— Activity —
Every entry is to be returned as it stands, apart from the pictures.

--------------------------------------------------

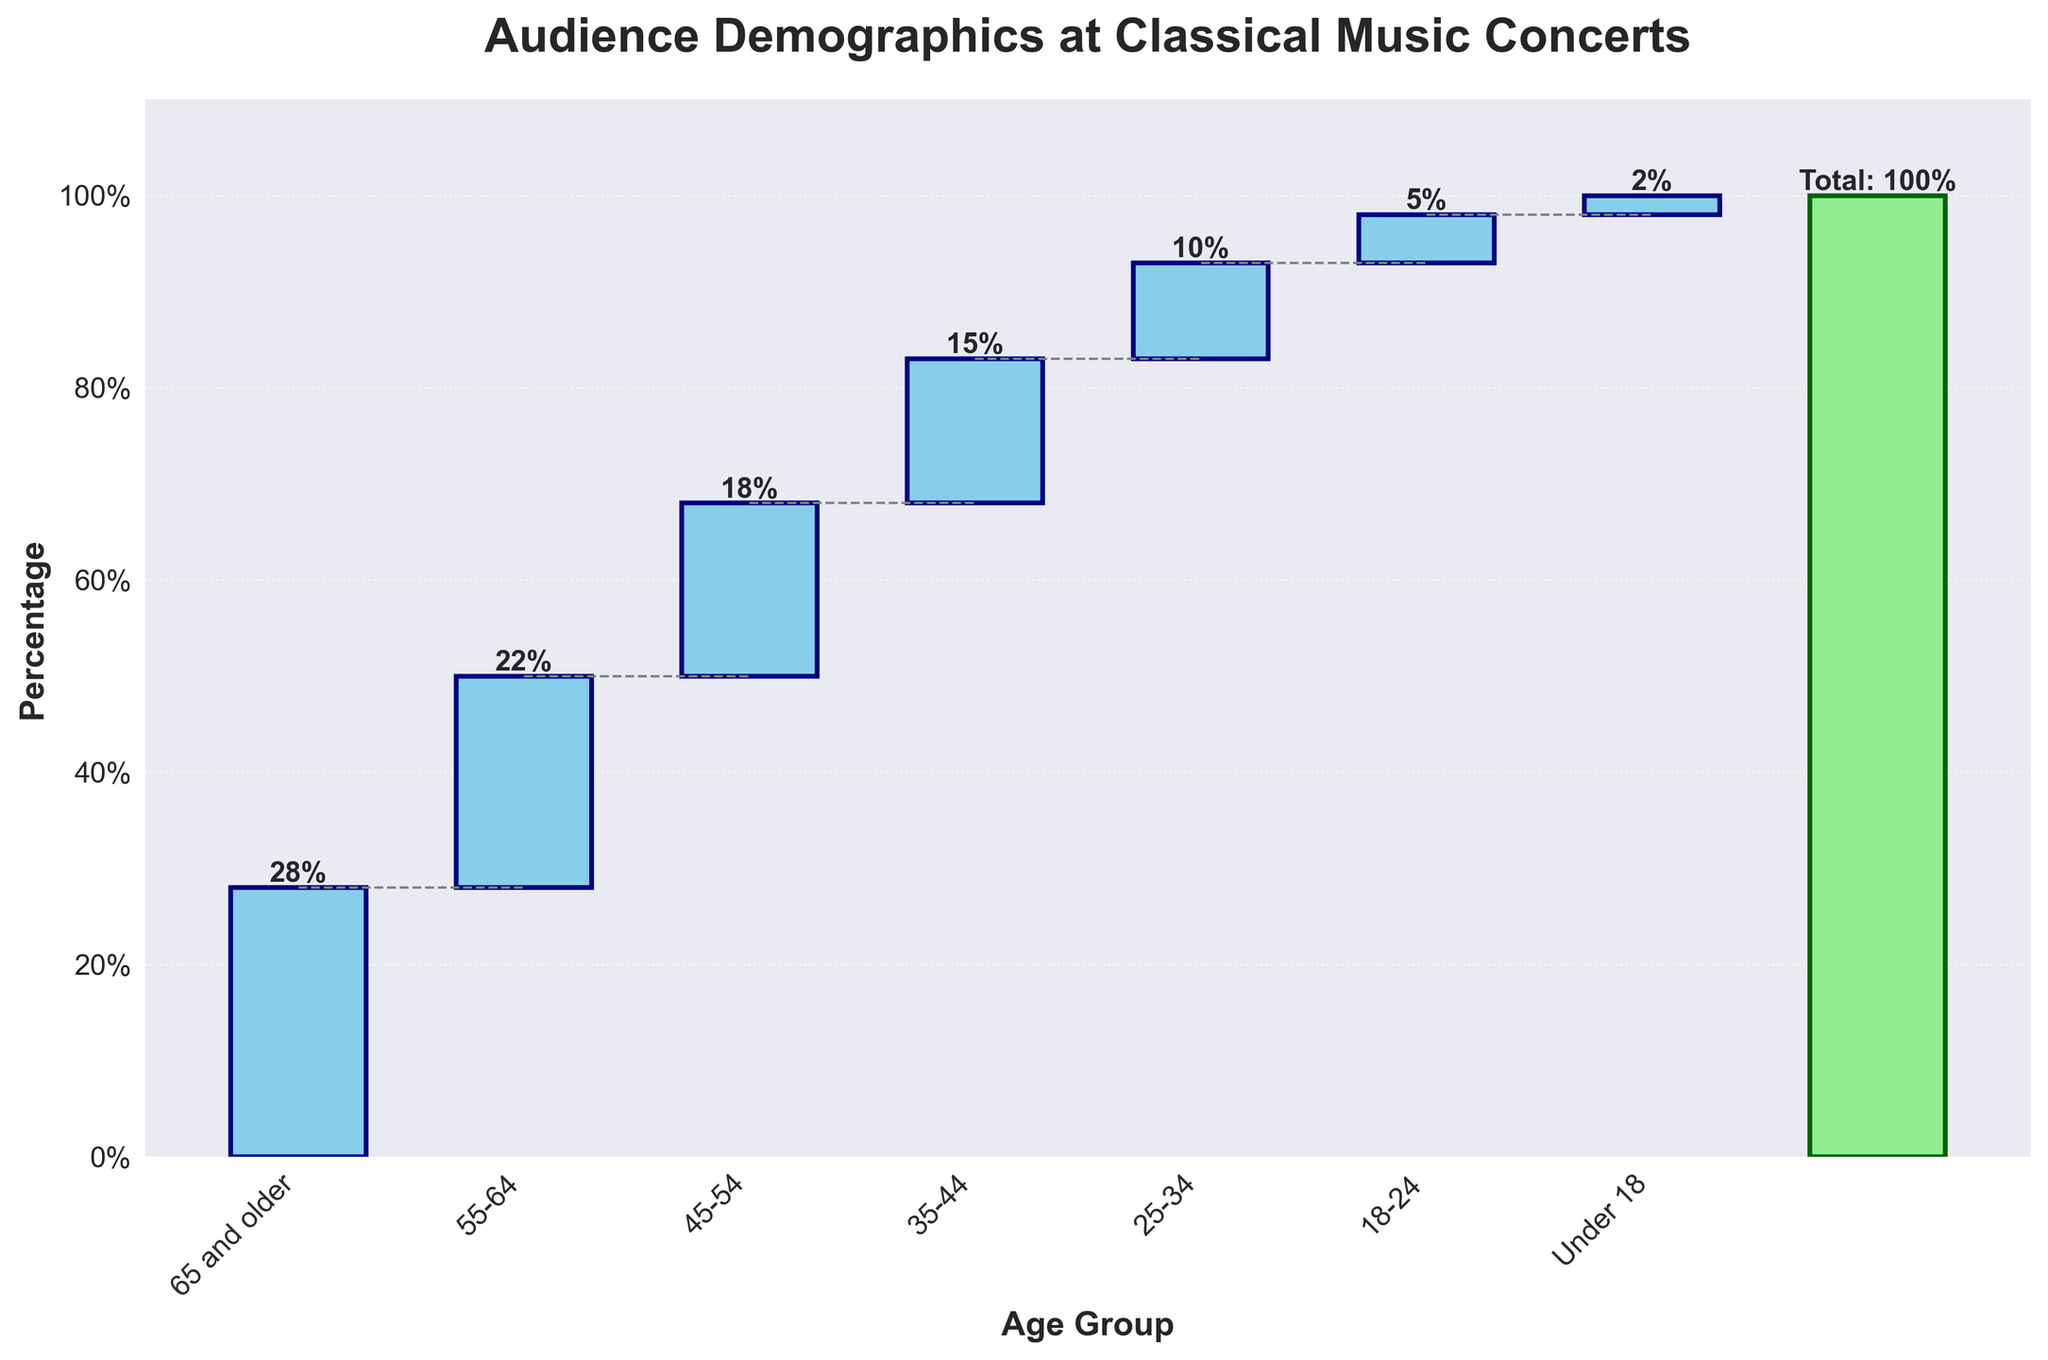What is the percentage of the total audience that is under 18 years old? We look at the age group "Under 18" in the figure and observe the value next to it. The chart shows "2%" as the percentage for this age group.
Answer: 2% Which age group has the highest percentage of attendees? We look at the waterfall chart and identify the highest bar. The age group "65 and older" has the tallest bar, indicating the highest percentage, which is marked as "28%".
Answer: 65 and older What percentage of the audience is between 55 and 64 years old? We refer to the age group "55-64" and observe the percentage value displayed next to its bar, which is "22%".
Answer: 22% What is the combined percentage of the audience for the age groups 35-44, 25-34, and 18-24? To find the combined percentage, we add the values for the age groups "35-44" (15%), "25-34" (10%), and "18-24" (5%). Thus, 15% + 10% + 5% = 30%.
Answer: 30% Which age group has the smallest representation? By examining the shortest bar in the chart, we identify the age group "Under 18" with a 2% representation.
Answer: Under 18 How does the percentage of the 25-34 age group compare to that of the 45-54 age group? Comparing the bars, we see that the "25-34" age group has 10%, while the "45-54" age group has 18%. The "45-54" age group has a higher percentage.
Answer: 45-54 has a higher percentage What is the sum of the percentage values for age groups under 35 years old? We add the percentages from the age groups "Under 18" (2%), "18-24" (5%), and "25-34" (10%). Thus, 2% + 5% + 10% = 17%.
Answer: 17% By how much does the percentage of people aged 65 and older exceed that of people aged 55-64? The percentage for "65 and older" is 28% and for "55-64" is 22%. The difference is 28% - 22% = 6%.
Answer: 6% What percentage of attendees are 45 years old or older? We add the percentages for "45-54" (18%), "55-64" (22%), and "65 and older" (28%). Thus, 18% + 22% + 28% = 68%.
Answer: 68% What patterns of age distribution can you observe from the waterfall chart? Observing the chart, we see that the percentage generally increases with age, peaking in the "65 and older" category, suggesting that older audiences are more likely to attend classical music concerts.
Answer: Older audiences have a higher attendance 
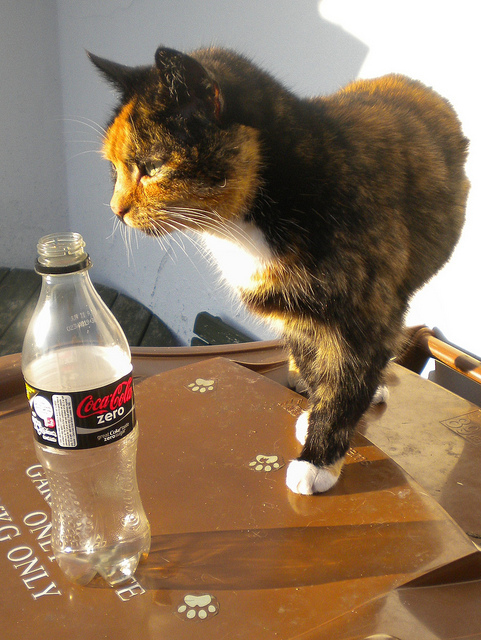Please identify all text content in this image. COCA COLA zero ONLY 89 
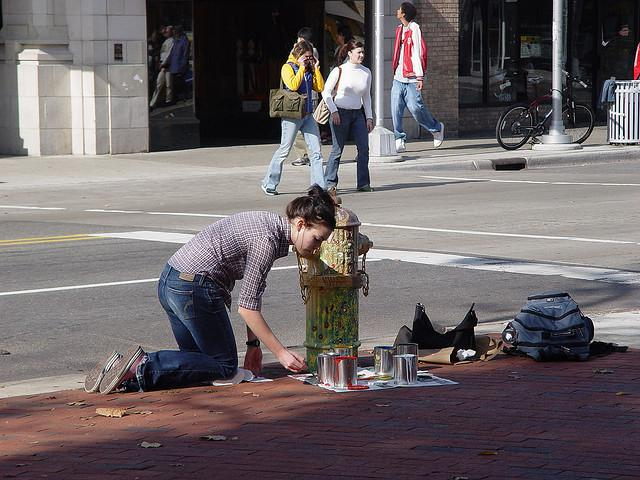What kind of brush is being used? Please explain your reasoning. paint. A paintbrush is ebing used near the paint cans. 
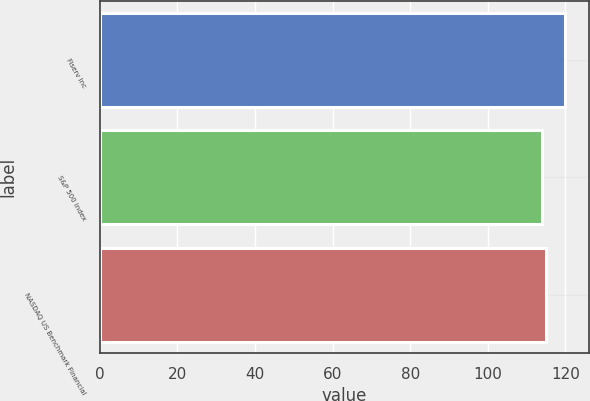Convert chart to OTSL. <chart><loc_0><loc_0><loc_500><loc_500><bar_chart><fcel>Fiserv Inc<fcel>S&P 500 Index<fcel>NASDAQ US Benchmark Financial<nl><fcel>120<fcel>114<fcel>115<nl></chart>

--------------------------------------------------

— Finished task —
What is the percentage of the total audience that is under 18 years old? We look at the age group "Under 18" in the figure and observe the value next to it. The chart shows "2%" as the percentage for this age group.
Answer: 2% Which age group has the highest percentage of attendees? We look at the waterfall chart and identify the highest bar. The age group "65 and older" has the tallest bar, indicating the highest percentage, which is marked as "28%".
Answer: 65 and older What percentage of the audience is between 55 and 64 years old? We refer to the age group "55-64" and observe the percentage value displayed next to its bar, which is "22%".
Answer: 22% What is the combined percentage of the audience for the age groups 35-44, 25-34, and 18-24? To find the combined percentage, we add the values for the age groups "35-44" (15%), "25-34" (10%), and "18-24" (5%). Thus, 15% + 10% + 5% = 30%.
Answer: 30% Which age group has the smallest representation? By examining the shortest bar in the chart, we identify the age group "Under 18" with a 2% representation.
Answer: Under 18 How does the percentage of the 25-34 age group compare to that of the 45-54 age group? Comparing the bars, we see that the "25-34" age group has 10%, while the "45-54" age group has 18%. The "45-54" age group has a higher percentage.
Answer: 45-54 has a higher percentage What is the sum of the percentage values for age groups under 35 years old? We add the percentages from the age groups "Under 18" (2%), "18-24" (5%), and "25-34" (10%). Thus, 2% + 5% + 10% = 17%.
Answer: 17% By how much does the percentage of people aged 65 and older exceed that of people aged 55-64? The percentage for "65 and older" is 28% and for "55-64" is 22%. The difference is 28% - 22% = 6%.
Answer: 6% What percentage of attendees are 45 years old or older? We add the percentages for "45-54" (18%), "55-64" (22%), and "65 and older" (28%). Thus, 18% + 22% + 28% = 68%.
Answer: 68% What patterns of age distribution can you observe from the waterfall chart? Observing the chart, we see that the percentage generally increases with age, peaking in the "65 and older" category, suggesting that older audiences are more likely to attend classical music concerts.
Answer: Older audiences have a higher attendance 
Please identify all text content in this image. COCA COLA zero ONLY 89 
What kind of brush is being used? Please explain your reasoning. paint. A paintbrush is ebing used near the paint cans. 
Convert chart to OTSL. <chart><loc_0><loc_0><loc_500><loc_500><bar_chart><fcel>Fiserv Inc<fcel>S&P 500 Index<fcel>NASDAQ US Benchmark Financial<nl><fcel>120<fcel>114<fcel>115<nl></chart>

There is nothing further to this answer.